Of the lines below, count those containing the word "waveform". Reply with the number alone.

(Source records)
=== Begin Enclosure ===

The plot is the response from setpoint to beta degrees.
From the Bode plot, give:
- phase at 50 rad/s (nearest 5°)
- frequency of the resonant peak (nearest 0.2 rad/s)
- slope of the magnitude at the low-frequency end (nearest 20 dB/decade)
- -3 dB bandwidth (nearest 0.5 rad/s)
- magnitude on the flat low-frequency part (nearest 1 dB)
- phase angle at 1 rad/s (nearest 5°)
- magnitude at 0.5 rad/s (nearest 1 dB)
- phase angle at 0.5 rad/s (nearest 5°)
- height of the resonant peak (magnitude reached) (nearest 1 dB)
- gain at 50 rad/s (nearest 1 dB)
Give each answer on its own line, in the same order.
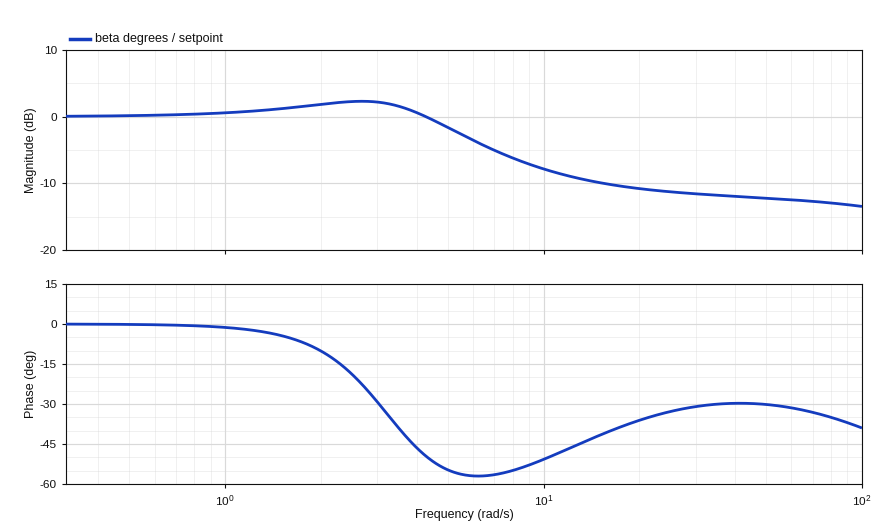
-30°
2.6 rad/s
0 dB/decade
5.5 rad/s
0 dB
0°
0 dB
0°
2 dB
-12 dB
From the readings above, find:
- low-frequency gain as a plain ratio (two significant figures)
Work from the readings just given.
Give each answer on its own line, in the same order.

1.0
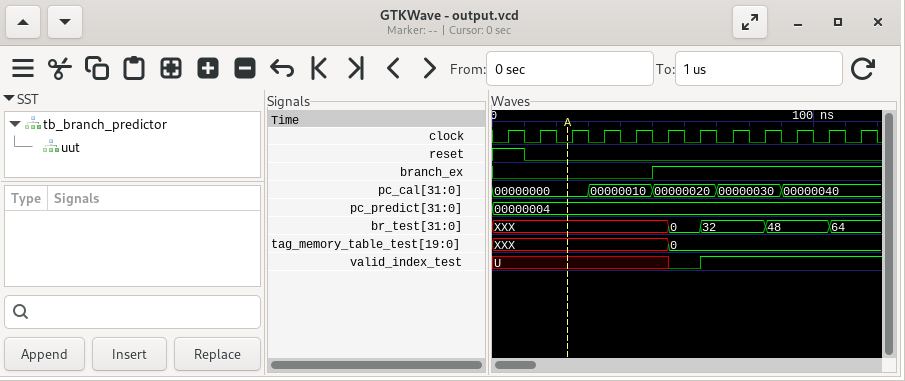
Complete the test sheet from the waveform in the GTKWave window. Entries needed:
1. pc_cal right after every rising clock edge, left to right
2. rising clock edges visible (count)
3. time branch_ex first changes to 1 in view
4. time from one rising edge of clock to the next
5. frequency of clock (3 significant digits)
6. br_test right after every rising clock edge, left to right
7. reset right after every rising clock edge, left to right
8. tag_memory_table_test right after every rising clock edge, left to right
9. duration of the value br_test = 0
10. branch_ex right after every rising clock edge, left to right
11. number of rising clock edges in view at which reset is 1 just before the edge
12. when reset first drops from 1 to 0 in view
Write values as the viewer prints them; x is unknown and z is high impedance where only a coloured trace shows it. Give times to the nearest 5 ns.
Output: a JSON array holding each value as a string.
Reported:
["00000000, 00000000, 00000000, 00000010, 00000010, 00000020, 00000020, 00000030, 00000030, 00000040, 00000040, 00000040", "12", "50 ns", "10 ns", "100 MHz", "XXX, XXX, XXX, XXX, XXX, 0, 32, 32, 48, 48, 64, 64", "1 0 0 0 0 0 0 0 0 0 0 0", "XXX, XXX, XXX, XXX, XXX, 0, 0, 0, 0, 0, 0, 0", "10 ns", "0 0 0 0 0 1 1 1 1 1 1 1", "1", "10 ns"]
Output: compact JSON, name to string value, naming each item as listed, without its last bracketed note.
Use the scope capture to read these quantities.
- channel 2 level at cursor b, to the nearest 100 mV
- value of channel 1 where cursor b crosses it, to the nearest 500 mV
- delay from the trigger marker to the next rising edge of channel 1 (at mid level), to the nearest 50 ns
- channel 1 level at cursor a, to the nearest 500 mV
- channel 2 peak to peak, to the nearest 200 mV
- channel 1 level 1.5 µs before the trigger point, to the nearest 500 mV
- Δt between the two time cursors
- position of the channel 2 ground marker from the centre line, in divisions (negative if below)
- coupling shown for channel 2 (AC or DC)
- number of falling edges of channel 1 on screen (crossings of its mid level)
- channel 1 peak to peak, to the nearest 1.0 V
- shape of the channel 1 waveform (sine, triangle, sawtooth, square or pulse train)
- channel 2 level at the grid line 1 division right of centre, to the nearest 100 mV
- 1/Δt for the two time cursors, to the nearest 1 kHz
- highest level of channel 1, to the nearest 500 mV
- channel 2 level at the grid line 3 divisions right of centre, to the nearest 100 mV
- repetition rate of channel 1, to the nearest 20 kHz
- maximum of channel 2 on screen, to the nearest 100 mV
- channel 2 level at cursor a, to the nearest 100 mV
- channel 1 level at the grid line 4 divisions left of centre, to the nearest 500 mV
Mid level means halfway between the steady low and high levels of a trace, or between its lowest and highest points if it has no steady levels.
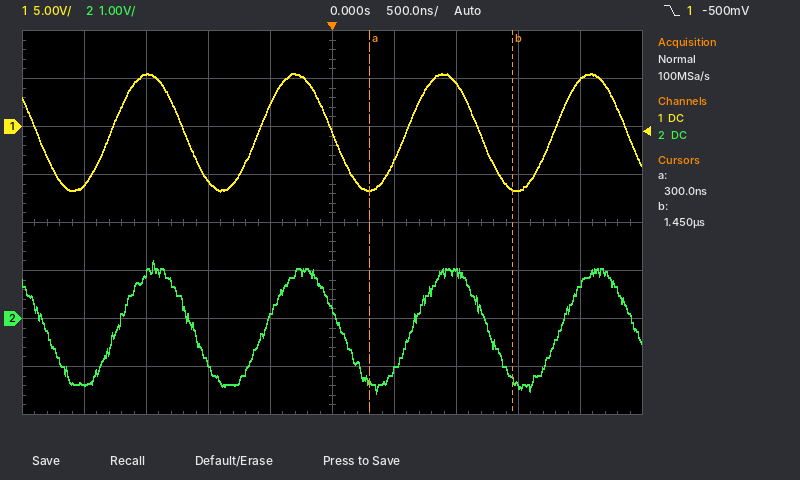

=== End Enclosure ===

- **RESPONSE TO THIS TASK**
2